GIVEN INFORMATION
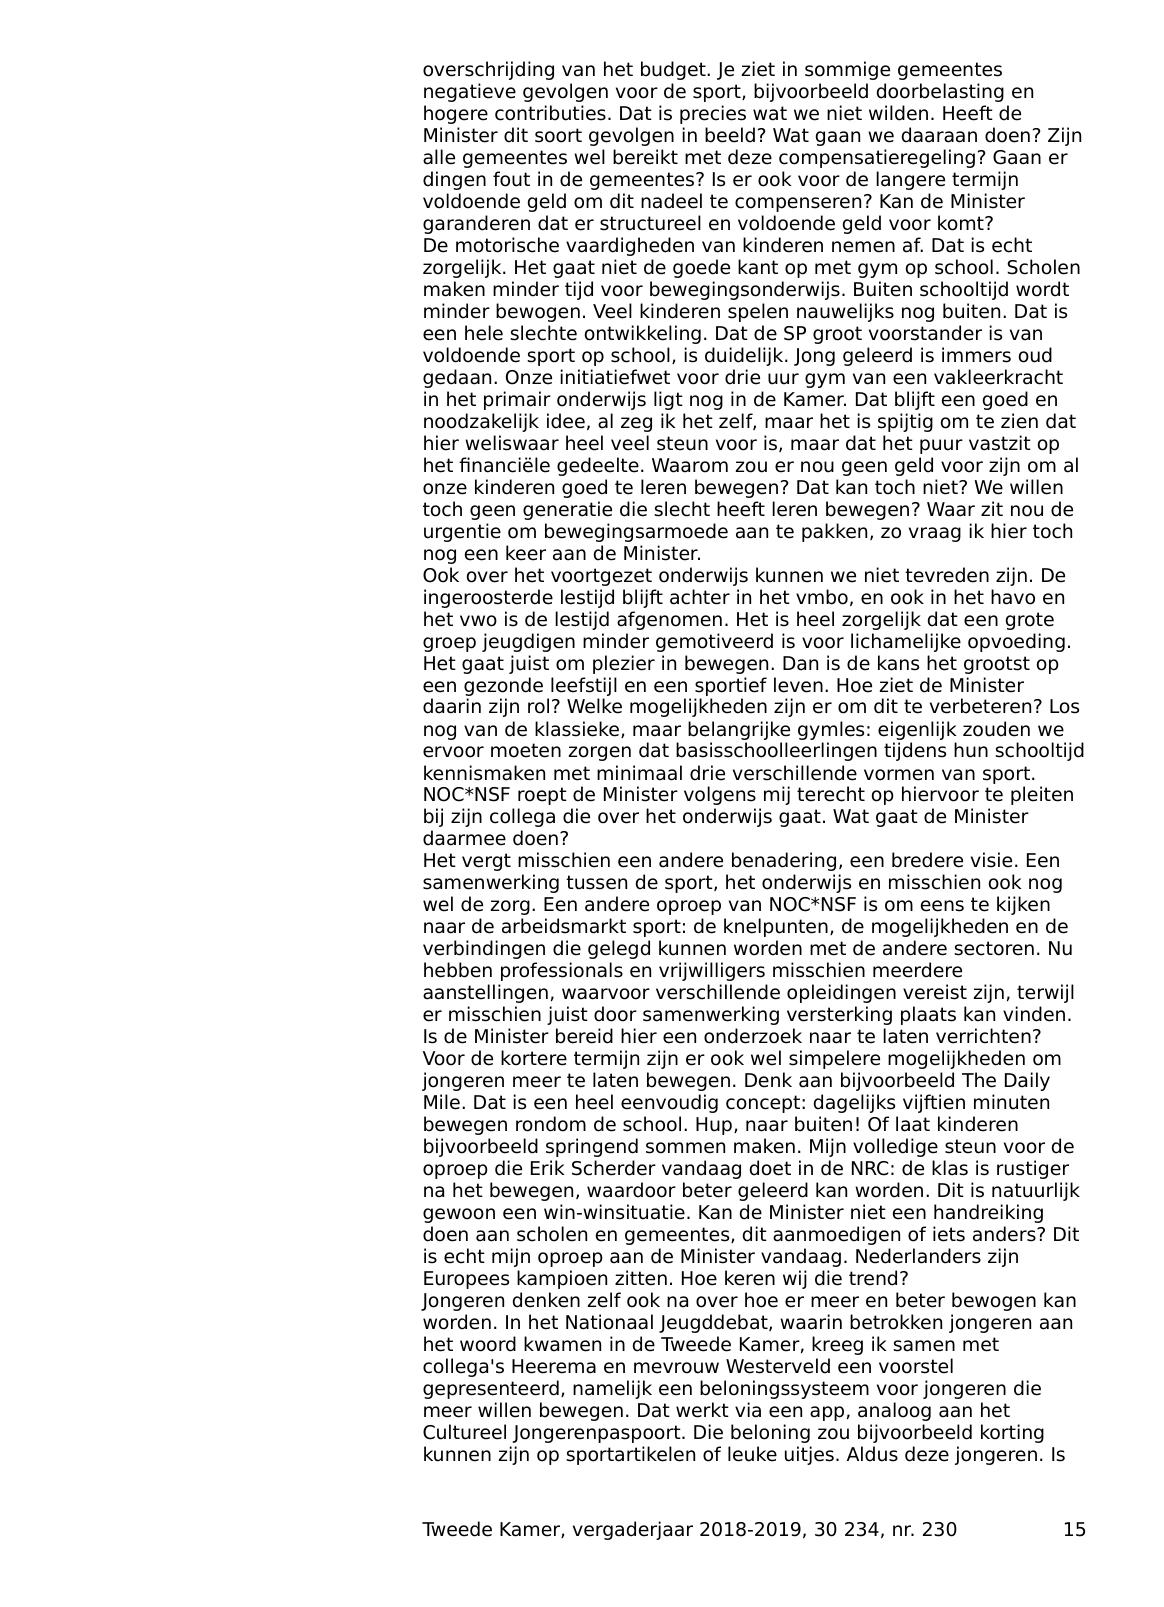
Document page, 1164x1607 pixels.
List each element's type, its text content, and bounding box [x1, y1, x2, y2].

text Ook over het voortgezet onderwijs kunnen we niet tevreden zijn. De ingeroosterde lestijd blijft achter in het vmbo, en ook in het havo en het vwo is de lestijd afgenomen. Het is heel zorgelijk dat een grote groep jeugdigen minder gemotiveerd is voor lichamelijke opvoeding. Het gaat juist om plezier in bewegen. Dan is de kans het grootst op een gezonde leefstijl en een sportief leven. Hoe ziet de Minister daarin zijn rol? Welke mogelijkheden zijn er om dit te verbeteren? Los nog van de klassieke, maar belangrijke gymles: eigenlijk zouden we ervoor moeten zorgen dat basisschoolleerlingen tijdens hun schooltijd kennismaken met minimaal drie verschillende vormen van sport. NOC*NSF roept de Minister volgens mij terecht op hiervoor te pleiten bij zijn collega die over het onderwijs gaat. Wat gaat de Minister daarmee doen? [422, 564, 1087, 850]
text Voor de kortere termijn zijn er ook wel simpelere mogelijkheden om jongeren meer te laten bewegen. Denk aan bijvoorbeeld The Daily Mile. Dat is een heel eenvoudig concept: dagelijks vijftien minuten bewegen rondom de school. Hup, naar buiten! Of laat kinderen bijvoorbeeld springend sommen maken. Mijn volledige steun voor de oproep die Erik Scherder vandaag doet in de NRC: de klas is rustiger na het bewegen, waardoor beter geleerd kan worden. Dit is natuurlijk gewoon een win-winsituatie. Kan de Minister niet een handreiking doen aan scholen en gemeentes, dit aanmoedigen of iets anders? Dit is echt mijn oproep aan de Minister vandaag. Nederlanders zijn Europees kampioen zitten. Hoe keren wij die trend? [422, 1048, 1087, 1290]
text De motorische vaardigheden van kinderen nemen af. Dat is echt zorgelijk. Het gaat niet de goede kant op met gym op school. Scholen maken minder tijd voor bewegingsonderwijs. Buiten schooltijd wordt minder bewogen. Veel kinderen spelen nauwelijks nog buiten. Dat is een hele slechte ontwikkeling. Dat de SP groot voorstander is van voldoende sport op school, is duidelijk. Jong geleerd is immers oud gedaan. Onze initiatiefwet voor drie uur gym van een vakleerkracht in het primair onderwijs ligt nog in de Kamer. Dat blijft een goed en noodzakelijk idee, al zeg ik het zelf, maar het is spijtig om te zien dat hier weliswaar heel veel steun voor is, maar dat het puur vastzit op het financiële gedeelte. Waarom zou er nou geen geld voor zijn om al onze kinderen goed te leren bewegen? Dat kan toch niet? We willen toch geen generatie die slecht heeft leren bewegen? Waar zit nou de urgentie om bewegingsarmoede aan te pakken, zo vraag ik hier toch nog een keer aan de Minister. [422, 235, 1087, 564]
text Jongeren denken zelf ook na over hoe er meer en beter bewogen kan worden. In het Nationaal Jeugddebat, waarin betrokken jongeren aan het woord kwamen in de Tweede Kamer, kreeg ik samen met collega's Heerema en mevrouw Westerveld een voorstel gepresenteerd, namelijk een beloningssysteem voor jongeren die meer willen bewegen. Dat werkt via een app, analoog aan het Cultureel Jongerenpaspoort. Die beloning zou bijvoorbeeld korting kunnen zijn op sportartikelen of leuke uitjes. Aldus deze jongeren. Is [422, 1290, 1087, 1466]
text overschrijding van het budget. Je ziet in sommige gemeentes negatieve gevolgen voor de sport, bijvoorbeeld doorbelasting en hogere contributies. Dat is precies wat we niet wilden. Heeft de Minister dit soort gevolgen in beeld? Wat gaan we daaraan doen? Zijn alle gemeentes wel bereikt met deze compensatieregeling? Gaan er dingen fout in de gemeentes? Is er ook voor de langere termijn voldoende geld om dit nadeel te compenseren? Kan de Minister garanderen dat er structureel en voldoende geld voor komt? [422, 59, 1087, 235]
text Het vergt misschien een andere benadering, een bredere visie. Een samenwerking tussen de sport, het onderwijs en misschien ook nog wel de zorg. Een andere oproep van NOC*NSF is om eens te kijken naar de arbeidsmarkt sport: de knelpunten, de mogelijkheden en de verbindingen die gelegd kunnen worden met de andere sectoren. Nu hebben professionals en vrijwilligers misschien meerdere aanstellingen, waarvoor verschillende opleidingen vereist zijn, terwijl er misschien juist door samenwerking versterking plaats kan vinden. Is de Minister bereid hier een onderzoek naar te laten verrichten? [422, 850, 1087, 1048]
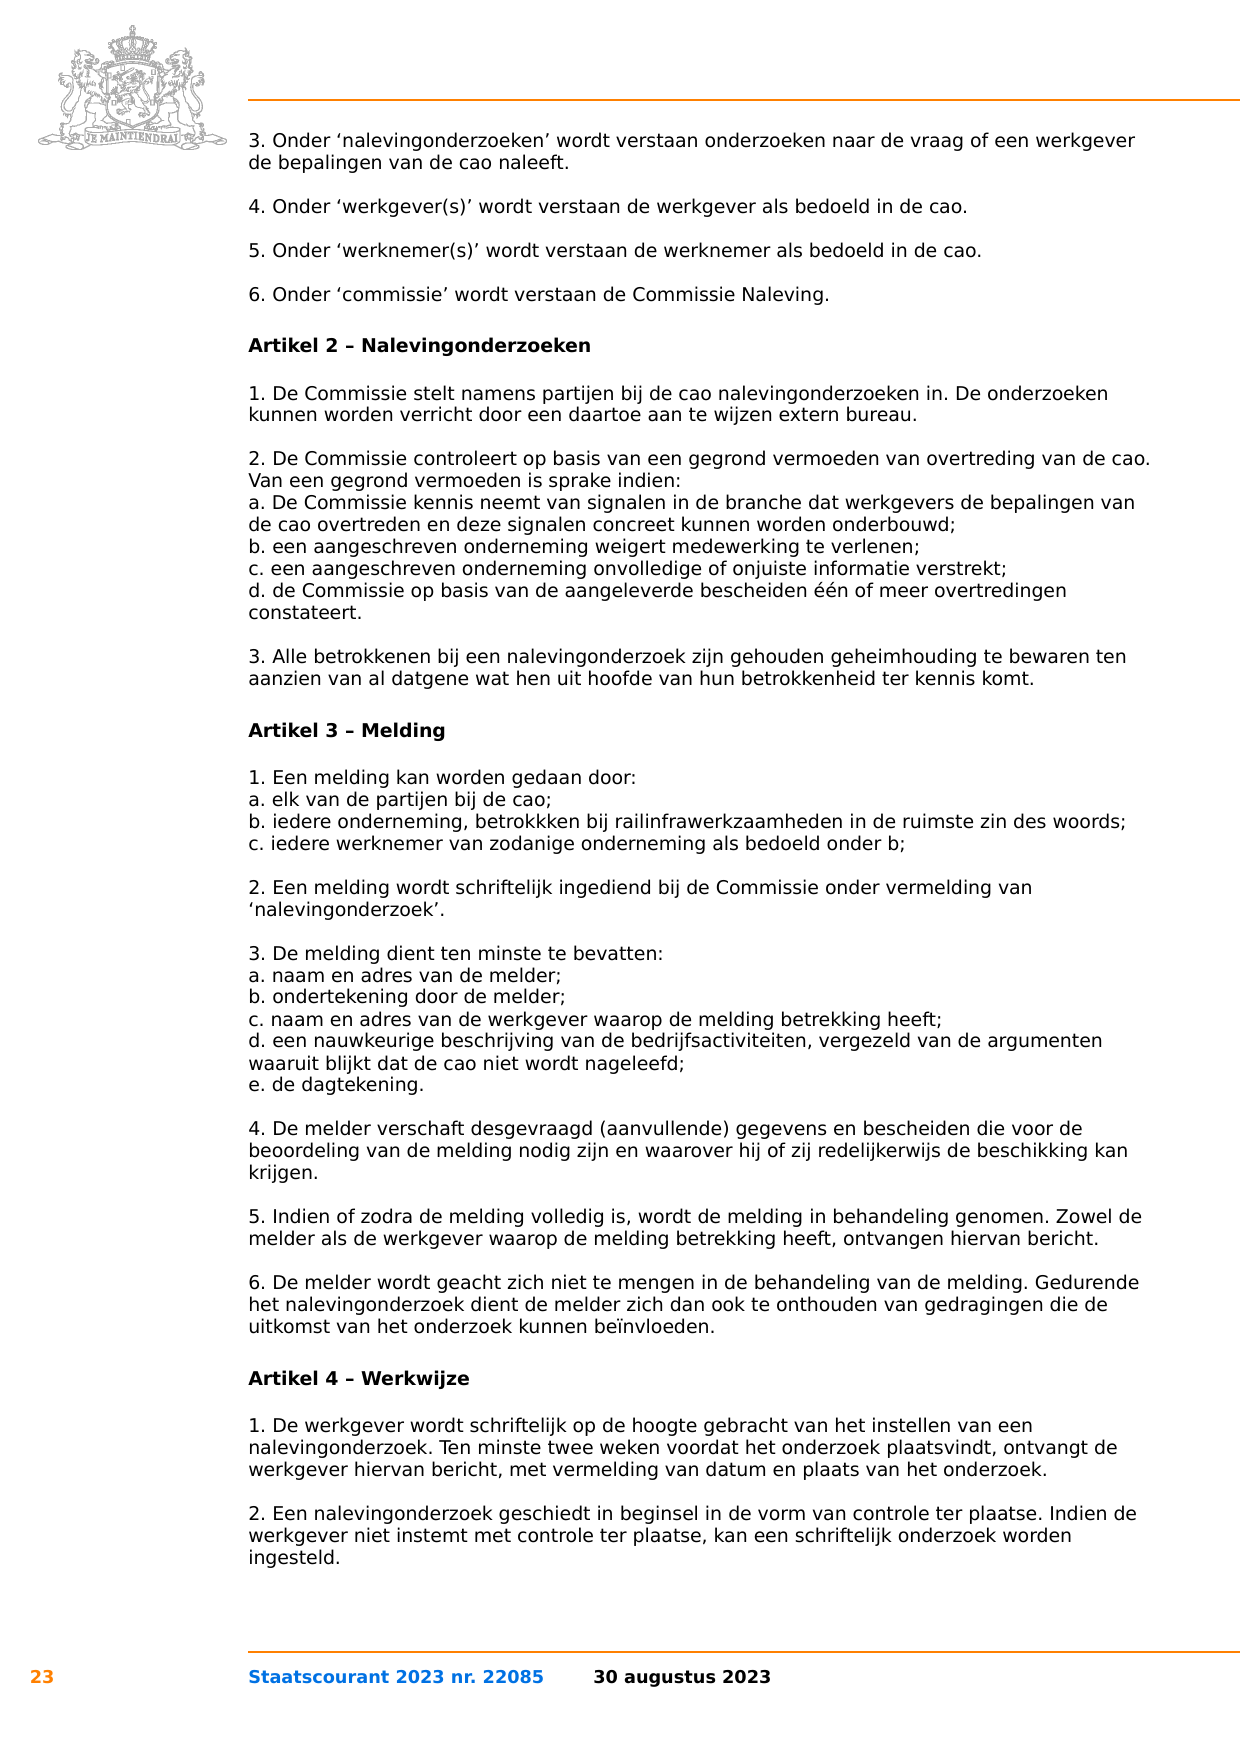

WHAT YOU WILL DO
Each entry is to be written out again word for word, and any pictures are to be omitted.

RESULT BELOW
Document page, 1164x1607 pixels.
List each element's type, its text content, and bounding box [x1, y1, x2, y2].

text Ook over het voortgezet onderwijs kunnen we niet tevreden zijn. De ingeroosterde lestijd blijft achter in het vmbo, en ook in het havo en het vwo is de lestijd afgenomen. Het is heel zorgelijk dat een grote groep jeugdigen minder gemotiveerd is voor lichamelijke opvoeding. Het gaat juist om plezier in bewegen. Dan is de kans het grootst op een gezonde leefstijl en een sportief leven. Hoe ziet de Minister daarin zijn rol? Welke mogelijkheden zijn er om dit te verbeteren? Los nog van de klassieke, maar belangrijke gymles: eigenlijk zouden we ervoor moeten zorgen dat basisschoolleerlingen tijdens hun schooltijd kennismaken met minimaal drie verschillende vormen van sport. NOC*NSF roept de Minister volgens mij terecht op hiervoor te pleiten bij zijn collega die over het onderwijs gaat. Wat gaat de Minister daarmee doen? [422, 564, 1087, 850]
text Voor de kortere termijn zijn er ook wel simpelere mogelijkheden om jongeren meer te laten bewegen. Denk aan bijvoorbeeld The Daily Mile. Dat is een heel eenvoudig concept: dagelijks vijftien minuten bewegen rondom de school. Hup, naar buiten! Of laat kinderen bijvoorbeeld springend sommen maken. Mijn volledige steun voor de oproep die Erik Scherder vandaag doet in de NRC: de klas is rustiger na het bewegen, waardoor beter geleerd kan worden. Dit is natuurlijk gewoon een win-winsituatie. Kan de Minister niet een handreiking doen aan scholen en gemeentes, dit aanmoedigen of iets anders? Dit is echt mijn oproep aan de Minister vandaag. Nederlanders zijn Europees kampioen zitten. Hoe keren wij die trend? [422, 1048, 1087, 1290]
text De motorische vaardigheden van kinderen nemen af. Dat is echt zorgelijk. Het gaat niet de goede kant op met gym op school. Scholen maken minder tijd voor bewegingsonderwijs. Buiten schooltijd wordt minder bewogen. Veel kinderen spelen nauwelijks nog buiten. Dat is een hele slechte ontwikkeling. Dat de SP groot voorstander is van voldoende sport op school, is duidelijk. Jong geleerd is immers oud gedaan. Onze initiatiefwet voor drie uur gym van een vakleerkracht in het primair onderwijs ligt nog in de Kamer. Dat blijft een goed en noodzakelijk idee, al zeg ik het zelf, maar het is spijtig om te zien dat hier weliswaar heel veel steun voor is, maar dat het puur vastzit op het financiële gedeelte. Waarom zou er nou geen geld voor zijn om al onze kinderen goed te leren bewegen? Dat kan toch niet? We willen toch geen generatie die slecht heeft leren bewegen? Waar zit nou de urgentie om bewegingsarmoede aan te pakken, zo vraag ik hier toch nog een keer aan de Minister. [422, 235, 1087, 564]
text Jongeren denken zelf ook na over hoe er meer en beter bewogen kan worden. In het Nationaal Jeugddebat, waarin betrokken jongeren aan het woord kwamen in de Tweede Kamer, kreeg ik samen met collega's Heerema en mevrouw Westerveld een voorstel gepresenteerd, namelijk een beloningssysteem voor jongeren die meer willen bewegen. Dat werkt via een app, analoog aan het Cultureel Jongerenpaspoort. Die beloning zou bijvoorbeeld korting kunnen zijn op sportartikelen of leuke uitjes. Aldus deze jongeren. Is [422, 1290, 1087, 1466]
text overschrijding van het budget. Je ziet in sommige gemeentes negatieve gevolgen voor de sport, bijvoorbeeld doorbelasting en hogere contributies. Dat is precies wat we niet wilden. Heeft de Minister dit soort gevolgen in beeld? Wat gaan we daaraan doen? Zijn alle gemeentes wel bereikt met deze compensatieregeling? Gaan er dingen fout in de gemeentes? Is er ook voor de langere termijn voldoende geld om dit nadeel te compenseren? Kan de Minister garanderen dat er structureel en voldoende geld voor komt? [422, 59, 1087, 235]
text Het vergt misschien een andere benadering, een bredere visie. Een samenwerking tussen de sport, het onderwijs en misschien ook nog wel de zorg. Een andere oproep van NOC*NSF is om eens te kijken naar de arbeidsmarkt sport: de knelpunten, de mogelijkheden en de verbindingen die gelegd kunnen worden met de andere sectoren. Nu hebben professionals en vrijwilligers misschien meerdere aanstellingen, waarvoor verschillende opleidingen vereist zijn, terwijl er misschien juist door samenwerking versterking plaats kan vinden. Is de Minister bereid hier een onderzoek naar te laten verrichten? [422, 850, 1087, 1048]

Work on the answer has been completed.